Another unfortunate feature of the environment surrounding the scientific method, are scientists who are jealous that others are receiving public attention and do their best to suppress such attention by providing false information to journalists. of the media or with behind-the-scenes personal attacks. Ad absurdum, this manifests itself in the statement that the interstellar meteor was a truck even when they knew that the location of the meteor was set when the satellites of the US government detected a fire that released part of the energy of the bomb Hiroshima atom. This amazing statement was passed on to science journalists who published it without fact checking in search of arguments and arguments. The fact that this statement has no negative impact became clear from a subsequent paper by the Spanish astronomer Hector Socas-Navarro, who argued that the stellar origin of this meteor may be in ts 94.1% mining, does not account for the independently stated 99.999% reliability. in an official letter from the US Space Command to NASA. A detailed paper analyzing materials taken from the meteorite area has revealed meteoritic drops of unknown origin that may be outside the solar system. This careful analysis went unreported by clickbait-seeking journalists who were informed of the paper’s individual press release. As I told a New York Times editor: If journalists don’t pay attention to the facts when they report on science, how can we trust what they report on politics?

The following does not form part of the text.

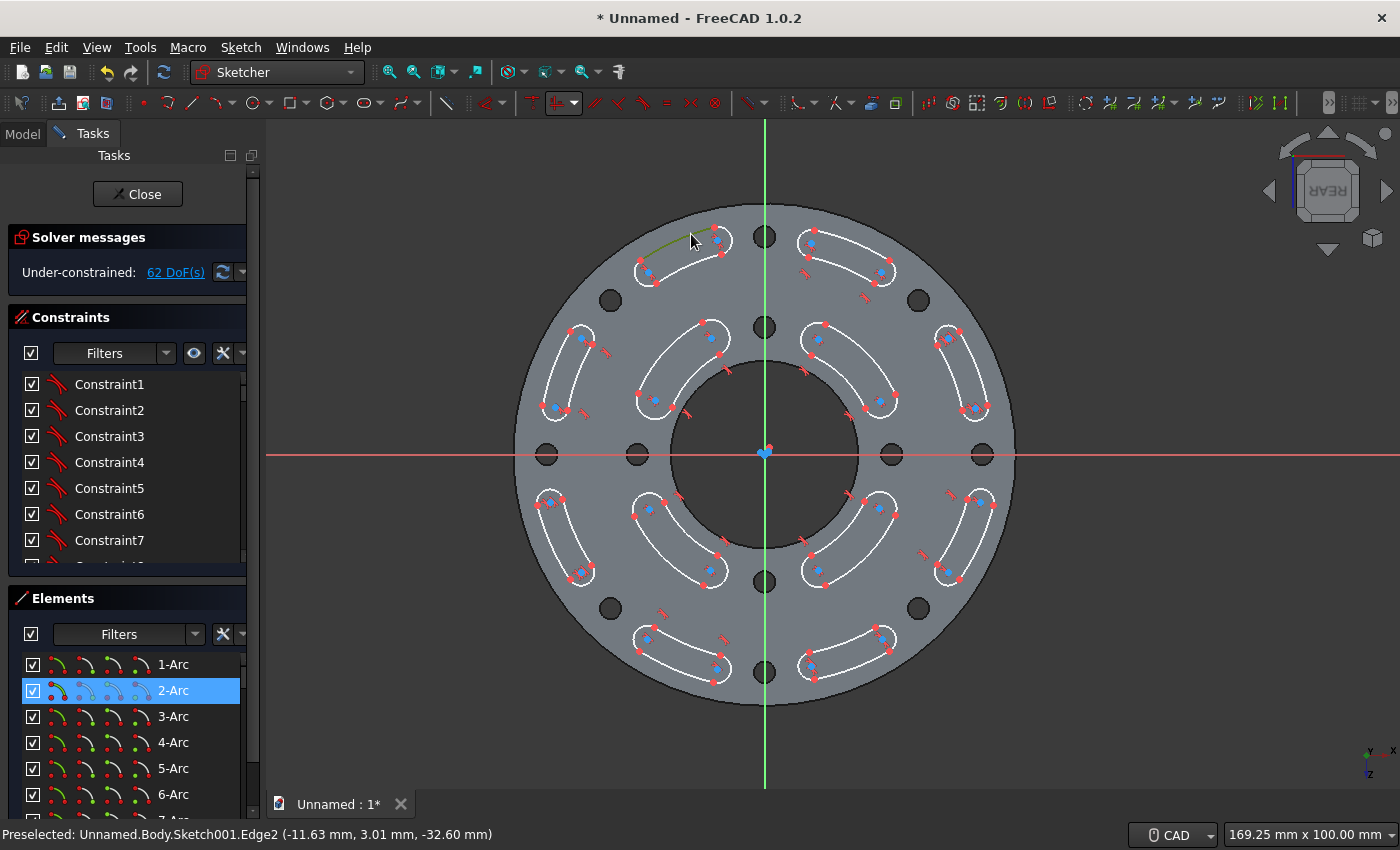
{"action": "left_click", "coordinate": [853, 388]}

Politics is based on beliefs or sentiments that can easily be controlled by desired desires. However, the professional approach to science requires hard work and the humility of a beginner’s mind. The ease with which opinions can be spread was highlighted by the fact that a false statement about the origin of meteor stars was spread quickly and without obtaining information from the meteor site. A careful analysis of these materials in three reputable laboratories (UC Berkeley, Bruker Corporation and Harvard University) took a whole year for my research team to publish in a peer-reviewed journal.

Happily, real pay from science practice doesn’t ask for approval from journalists, science influencers or reward committee members. Rather, it is the simple reward we get for understanding something new about the universe by gathering evidence out of open curiosity. If the Galileo Project research team can find evidence of extraterrestrial intelligence, any recognition given by Earthlings will be dwarfed by the psychological reward of knowing that we are not alone in our universe. I would trade all the money and world class for that knowledge.

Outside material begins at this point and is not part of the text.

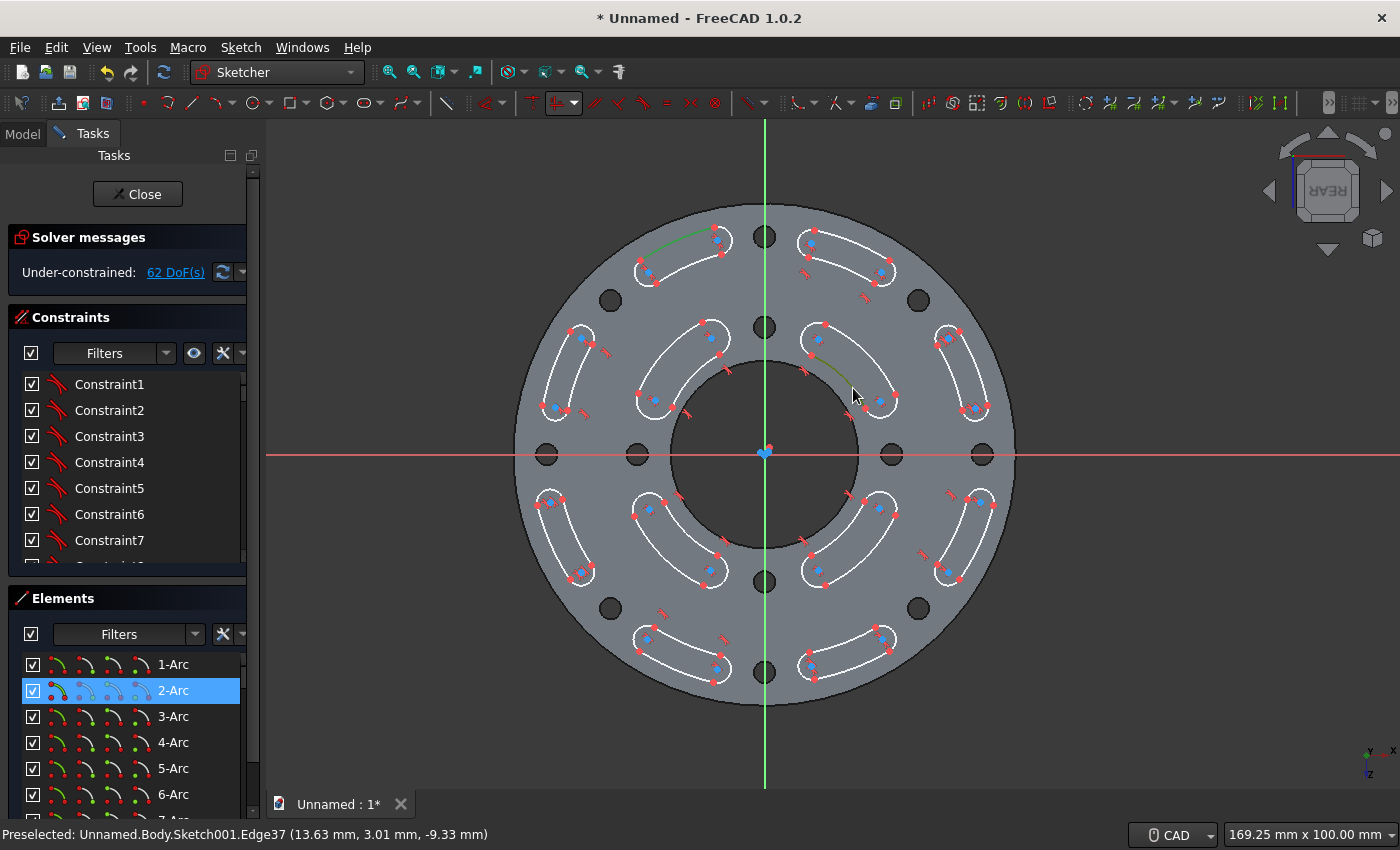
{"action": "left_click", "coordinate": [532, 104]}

Politicians fund science at less than a few percent of military spending. Due to the large investments in monitoring the sky for the sake of national security, it should not be surprising if the American government will be the first to notice unusual objects from other places. Such information should be shared with working scientists, like myself, whose day job is to discover what’s outside the Solar System.

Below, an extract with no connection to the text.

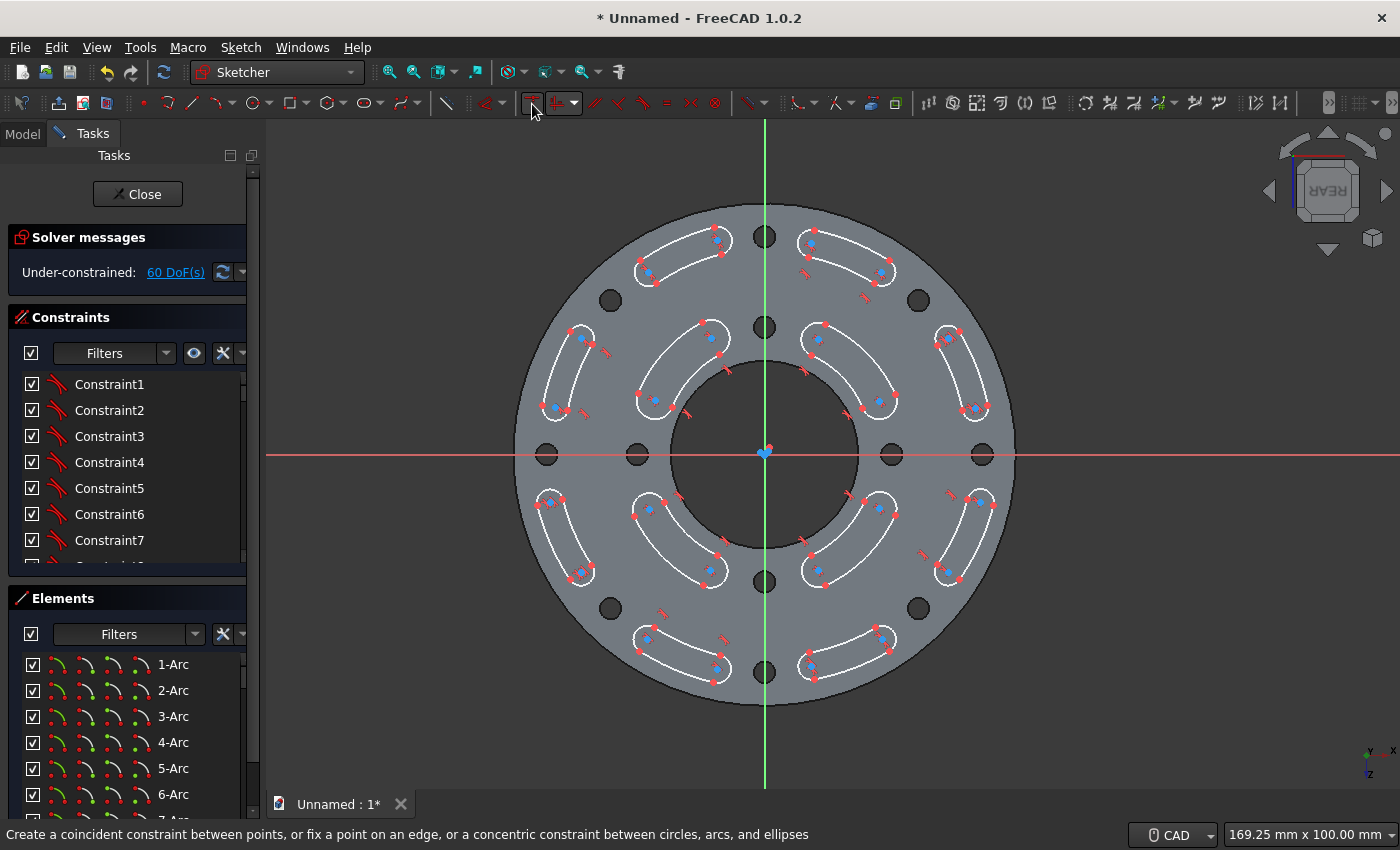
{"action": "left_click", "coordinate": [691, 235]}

My hope is that the next congressional hearing on Unidentified Anomalous Phenomena (UAP) will bring us closer to the scientific distribution of any interesting data the government has. Meanwhile, the Galileo Project is about to release a new paper with the first results from our first lab at Harvard University. While looking up at the sky, our cameras saw meteors but never the truck. We leave truck discussions to science influencers, jealous scientists or science journalists. Instead, our Galileo Project researchers choose to focus on their low-risk, high-reward work of collecting quality scientific data and analyzing it.

ABOUT THE AUTHOR

(Image credit: Chris Michel, 2023)

Avi Loeb is the head of the Galileo Project, founding director of Harvard University’s – Black Hole Initiative, director of the Center for Theory and Communication at the Harvard-Smithsonian Institute for Astrophysics, and former chair of the astronomy department at Harvard University (2011-2020) . ). He is a former member of the President’s Council of Advisors on Science and Technology and a former chairman of the Board of Physics and Astronomy of the National Academy. He is the best-selling author of “extraterrestrial: First Sign of Intelligent Life Beyond Earth” and co-author of the book “Life Cosmos“, both published in 2021. The paperback edition of his new book, called “Interstellar”, published in August 2024.